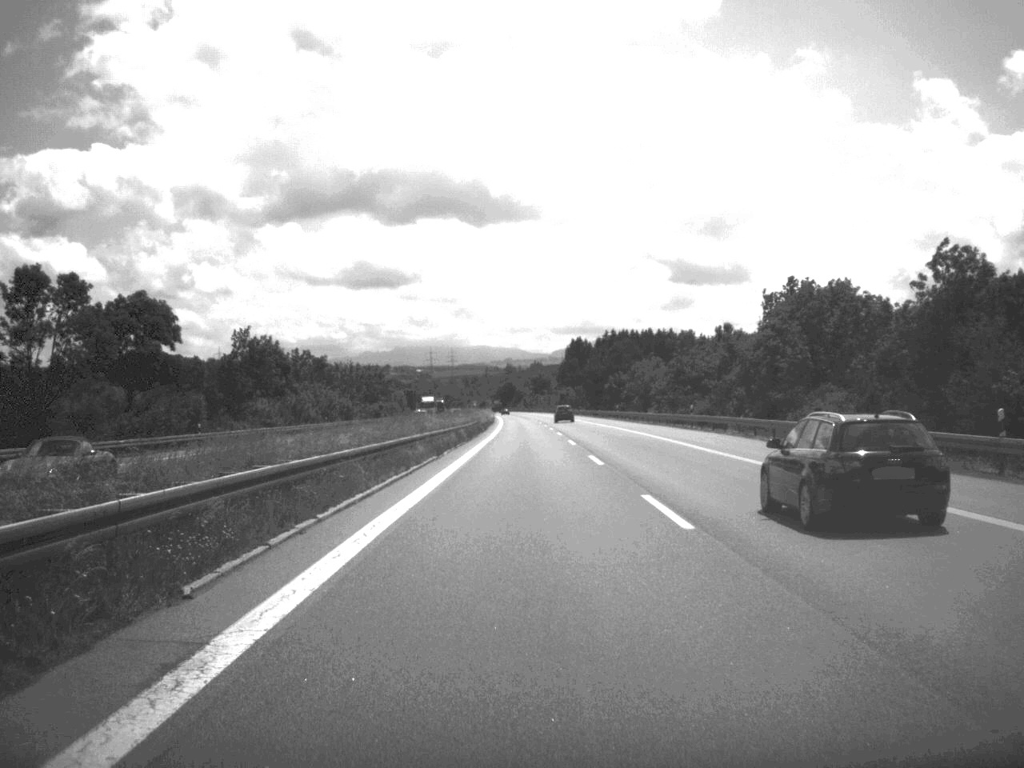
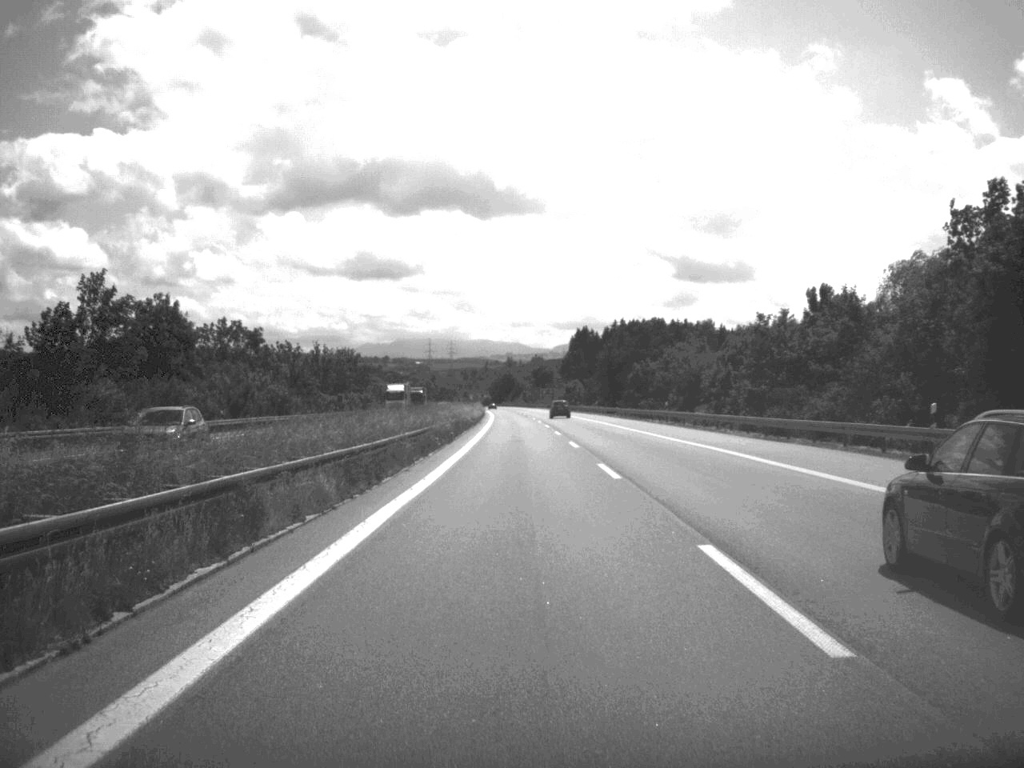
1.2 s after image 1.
(0.0, +43.5) m; 0°
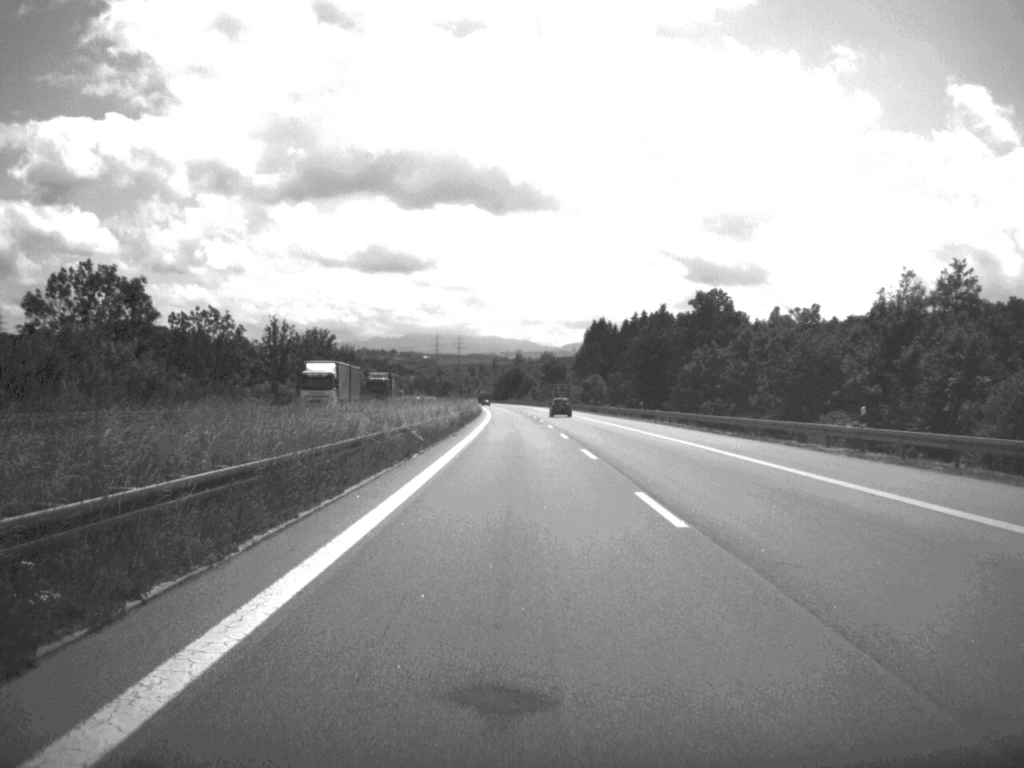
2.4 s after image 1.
(-0.2, +45.3) m; 0°
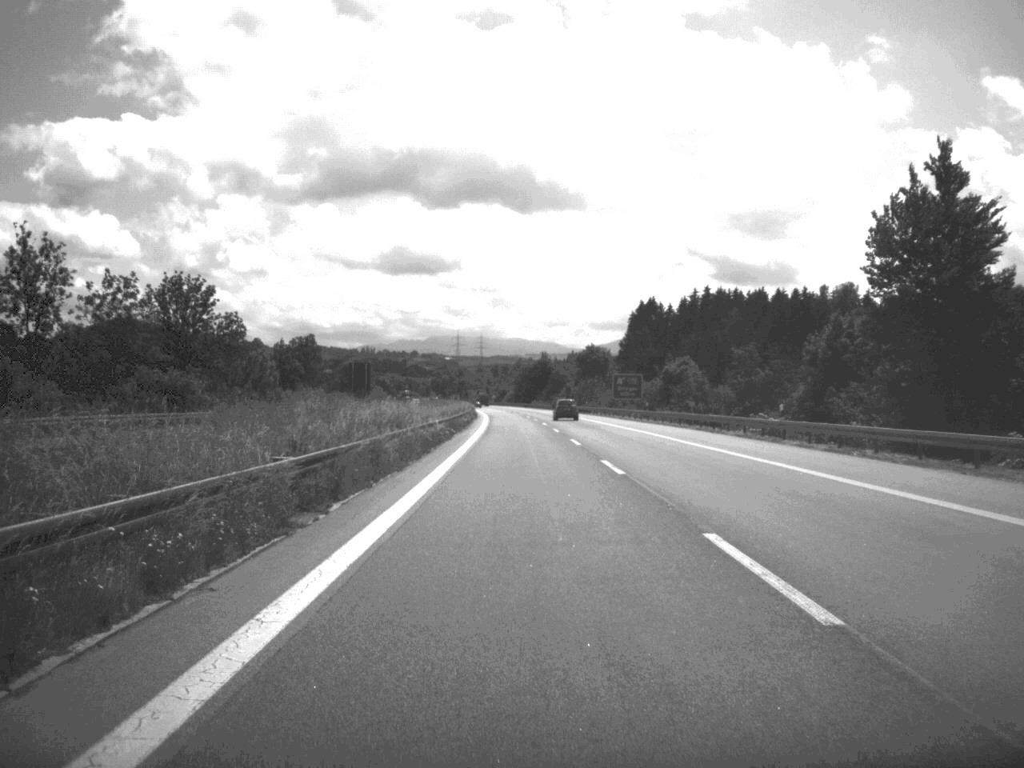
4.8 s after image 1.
(-1.2, +95.3) m; -1°
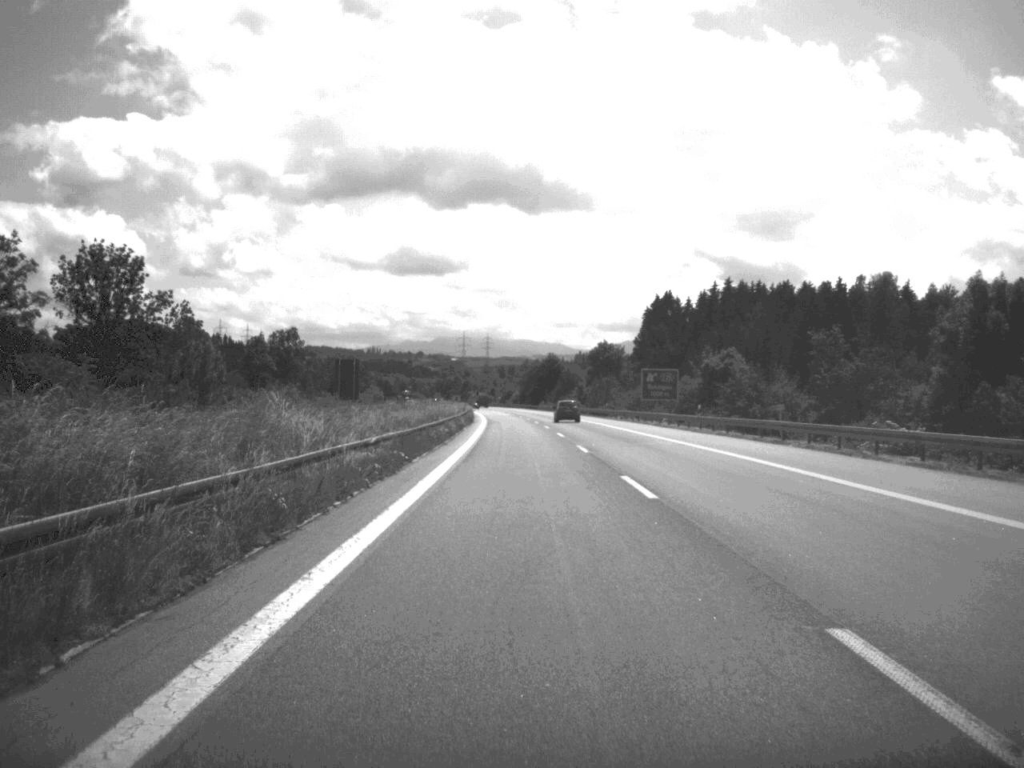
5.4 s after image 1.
(-0.1, +23.9) m; 0°
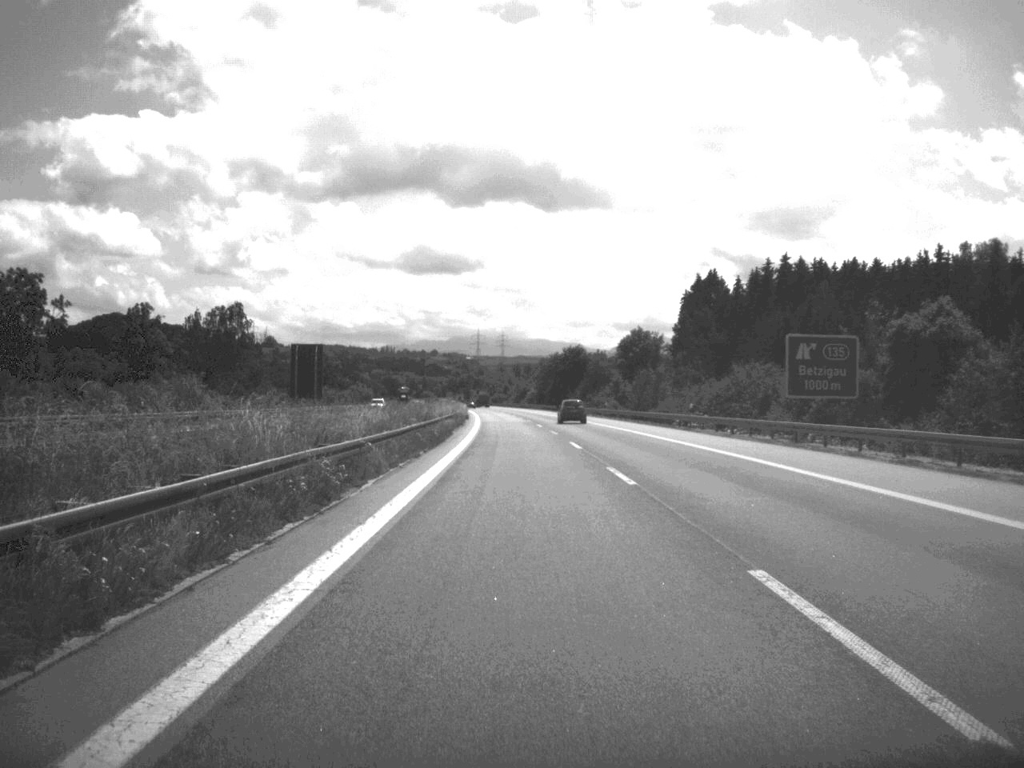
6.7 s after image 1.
(-0.4, +50.3) m; -1°
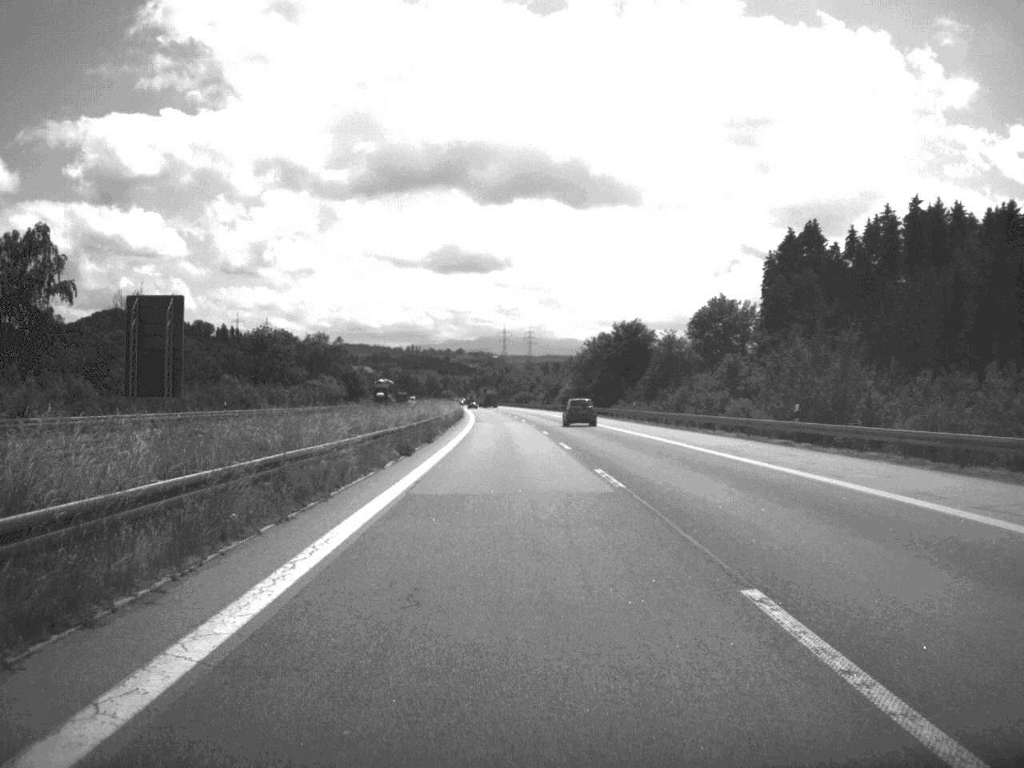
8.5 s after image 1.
(-0.9, +71.9) m; -1°
==================================================
WHAT THIS TASK INVOLVES »
Output the listing above in full, exactly. No images.

RESPONSE BOX »
1.2 s after image 1.
(0.0, +43.5) m; 0°
2.4 s after image 1.
(-0.2, +45.3) m; 0°
4.8 s after image 1.
(-1.2, +95.3) m; -1°
5.4 s after image 1.
(-0.1, +23.9) m; 0°
6.7 s after image 1.
(-0.4, +50.3) m; -1°
8.5 s after image 1.
(-0.9, +71.9) m; -1°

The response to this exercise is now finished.